Pose estimation in dynamic, high-vibrational environments presents a unique challenge, particularly in military applications where real-time object tracking and situational awareness are crucial. High-motion and vibration often degrade traditional methods, making innovative solutions necessary. This study compares two approaches: a classical computer vision technique, which is fast but limited in accuracy, and a deep learning-based strategy like YOLO v11m, which excels in accuracy but requires high computational power.

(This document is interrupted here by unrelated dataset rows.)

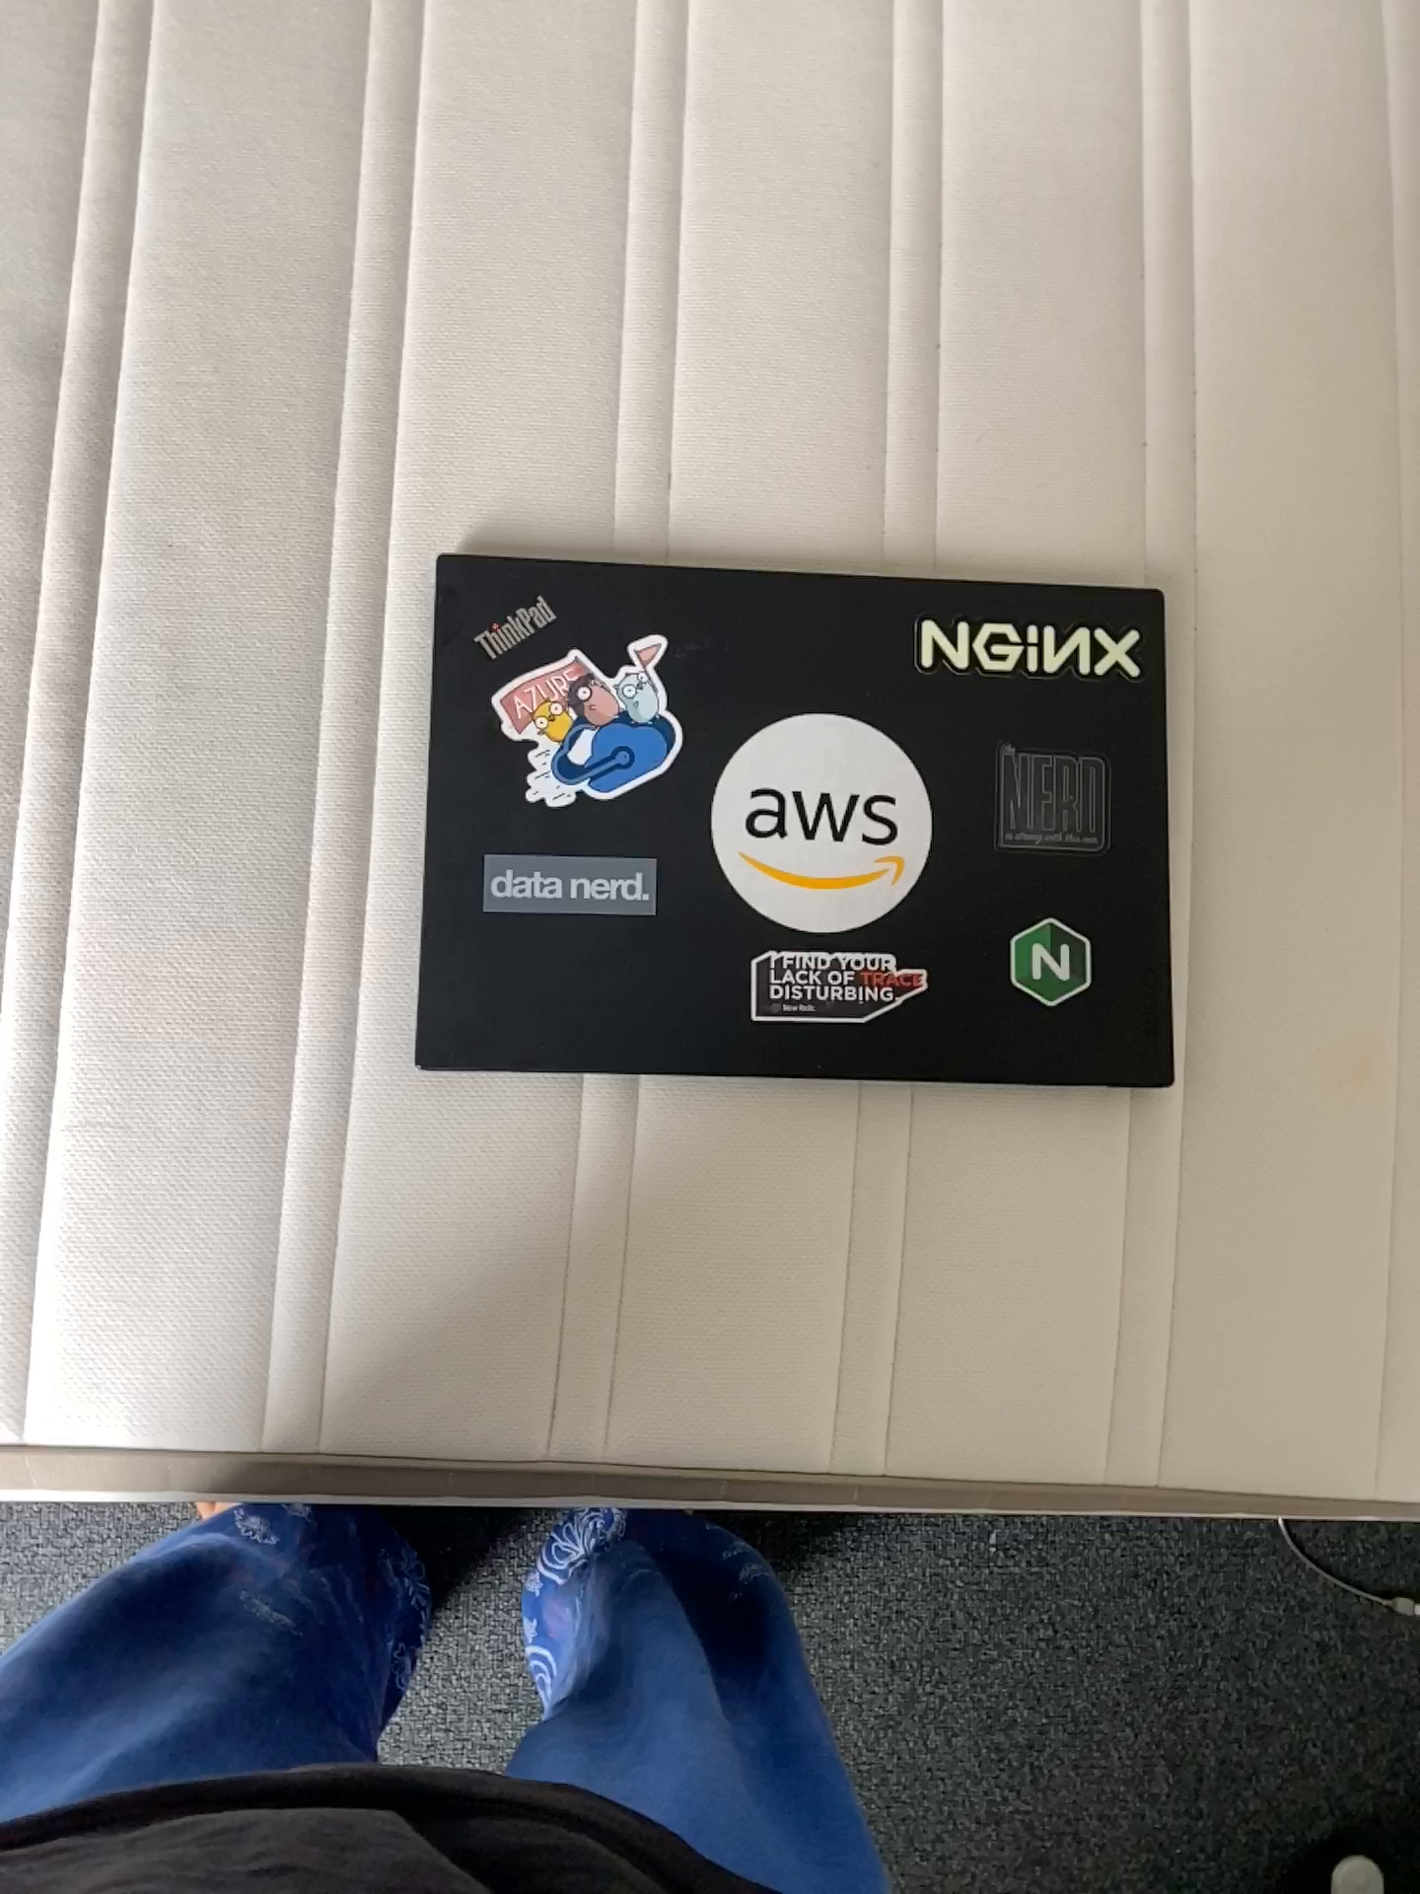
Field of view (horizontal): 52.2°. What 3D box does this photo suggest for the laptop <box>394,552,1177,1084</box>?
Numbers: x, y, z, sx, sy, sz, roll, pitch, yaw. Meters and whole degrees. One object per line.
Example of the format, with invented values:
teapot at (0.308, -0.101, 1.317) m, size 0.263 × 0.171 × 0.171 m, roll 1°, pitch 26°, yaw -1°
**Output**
laptop at (0.038, -0.056, 0.621) m, size 0.322 × 0.014 × 0.224 m, roll 2°, pitch 79°, yaw -3°

By exploring both methods, we aim to improve pose estimation for military operations, surveillance, and autonomous systems in complex environments.

📦 Installation

# Clone the repository
git clone https://github.com/yourusername/pose-estimation-project

# Install dependencies
pip install -r requirements.txt

# Run the main script
python main.py
python yolo11.py

🔬 Methodological Approaches

🖥️ Phase 1: Classical Computer Vision Approach

Performance Metrics

  • Frame Rate: Up to 200 FPS
  • Accuracy: 85%
  • Computational Complexity: Low
  • Training Data: Zero

Technical Arsenal

  • Key Techniques:
    • Gaussian Blur
    • Canny Edge Detection
    • Contour Analysis
    • Dynamic Shape Scoring

Detection Strategy

  1. Multi-Parameter Object Recognition

    • Sophisticated contour approximation
    • Shape circularity calculation
    • Temporal consistency scoring
    • Color-based feature extraction
  2. Advanced Visual Augmentation

    • Real-time motion trail visualization
    • Energy field particle simulation
    • Dynamic 3D wireframe rendering
    • Adaptive color tracking

Classical Approach

Classical Approach

📊 Output Metric Plots

plots

🤖 Phase 2: Deep Learning Approach (YOLO v11m)

Performance Metrics

  • Frame Rate: 25 FPS
  • Accuracy: 99%
  • Computational Complexity: High
  • Training Data: 3000+ custom images

Technical Arsenal

  • Core Technologies:
    • PyTorch
    • YOLO v11m Architecture
    • Advanced Neural Networks

Sophisticated Detection Methodology

  1. Comprehensive Training Pipeline

    • Custom dataset of 3000+ annotated images
    • Rigorous data augmentation
    • Cross-validation strategies
    • Hyperparameter optimization
  2. Advanced Neural Network Features

    • Multi-scale feature extraction
    • Robust object localization
    • Depth prediction integration
    • Real-time inference capabilities

DL Approach

📊 Comparative Analysis

Characteristic Classical Approach Deep Learning Approach
Frame Rate 200 FPS 25 FPS
Accuracy 85% 99%
Computational Resources Low High
Training Requirement None Extensive
Adaptability Limited High

🔍 Key Insights: Classical vs Deep Learning Approaches

  • Classical Approach:

    • Strengths:

      • Frame Rate: Up to 200 FPS with low computational requirements.
      • Training Data: None required (zero training).
      • Computational Requirements: Very Low, doesn't need any expensive hardware.
    • Weaknesses:

      • Accuracy: 85%, which may struggle in complex or dynamic environments.
      • Adaptability: Limited to predefined techniques and cannot learn from new data.
    • Applications: Robotics, Surveillance, Augmented Reality, Industrial Automation, Military Applications (e.g., real-time object recognition, situational awareness in field operations).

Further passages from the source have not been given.